これらの新規ユーザーは、どのドローンが最も革新的かを尋ねているわけではない。彼らの質問はもっと基本的だ。何が、どこで合法になったのか。コンプライアンスに則った運航とは実際どのようなものか。誰がスタッフを訓練し、どのような基準で行うのか。取得したデータは、既存システムにどう取り込むのか。どのベンダーも顧客の最初の質問には答えられる。しかし先行するベンダーは、その後の質問にもすでに答えを用意している。新たな規制環境に初めて向き合う買い手にとって、ルールの明快な説明は、性能向上以上の価値を持つ。
市場を教育するための原則
製品やサービスについて顧客をうまく教育するには、いくつかの重要な原則がある。
まず自社の従業員に知識を身につけさせる
自社の人間が実務経験を持っていなければ、市場を教育するのは難しい。私たちの会社では、実際のドローンミッションを計画し、使えるデータを持ち帰った経験のある従業員は、台本には落とし込めないレベルの具体性で運航について語ることができる。そうした経験は、実際のユースケースへの理解を深め、営業担当者が技術を顧客のビジネス目標にはるかに真正性をもって結びつけることを可能にし、企業自体をも強くする。
顧客側の能力を構築する
プログラムを自ら運用し、社内で擁護できるチームを持つ顧客は、そのプログラムを拡大する可能性が高い。一方、あらゆる回答をベンダーに依存する顧客は、多くの場合パイロット段階で足踏みする。顧客の自立は収益への脅威に見えるかもしれないが、実際に成長しているアカウントを見れば、そうではないことがわかる。

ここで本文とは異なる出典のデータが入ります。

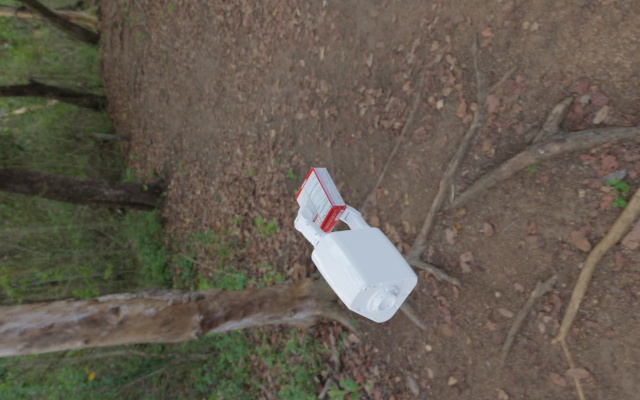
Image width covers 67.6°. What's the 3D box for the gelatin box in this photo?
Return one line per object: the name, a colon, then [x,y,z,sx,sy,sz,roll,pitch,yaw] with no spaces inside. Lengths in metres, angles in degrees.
gelatin box: [0.000,0.002,0.760,0.030,0.089,0.073,-2,-41,-34]

これを実現するには、教育を運用機能として位置づける必要がある。上級職の誰かがオーナーシップを持ち、その成果は公開された資料の量ではなく、顧客がどれだけ前進したかで測るべきである。私の経験では、最も有用な形式は実践的なもの、たとえば顧客が自社スタッフを受講させられるトレーニングカリキュラムや、恒常的な運用への拡大基準を明確に定めた構造化されたパイロットプロジェクトである。こうしたものはキャンペーンよりも構築に時間がかかるが、それゆえに模倣されにくい。
タイミングに注意を払う
BVLOSドローン運航をめぐって今生まれつつあるような機会は、いつまでも開かれ続けるわけではない。規制枠組みが成熟すれば、最も早期に立ち上がったプログラムが、市場全体の参照事例となる。多くの場合、業界の教育を支援したベンダーがそれらの事例と関連づけられる。市場を教育するのに理想的なタイミングは、買い手がまだ質問を形作っている最中である。
もちろん、市場を教育することはイノベーションの必要性に取って代わるものではない。強力な教育を伴う弱い製品は、依然として弱い製品にすぎない。しかし新興カテゴリーでは、順序が重要だ。最終的にリードする企業は、最も多くのものを発明した企業であることは稀である。他社がまだ製品を磨き上げているあいだに、テクノロジーを理解可能なものにし、顧客の最初のプログラム構築を支援した企業こそがリーダーとなるのだ。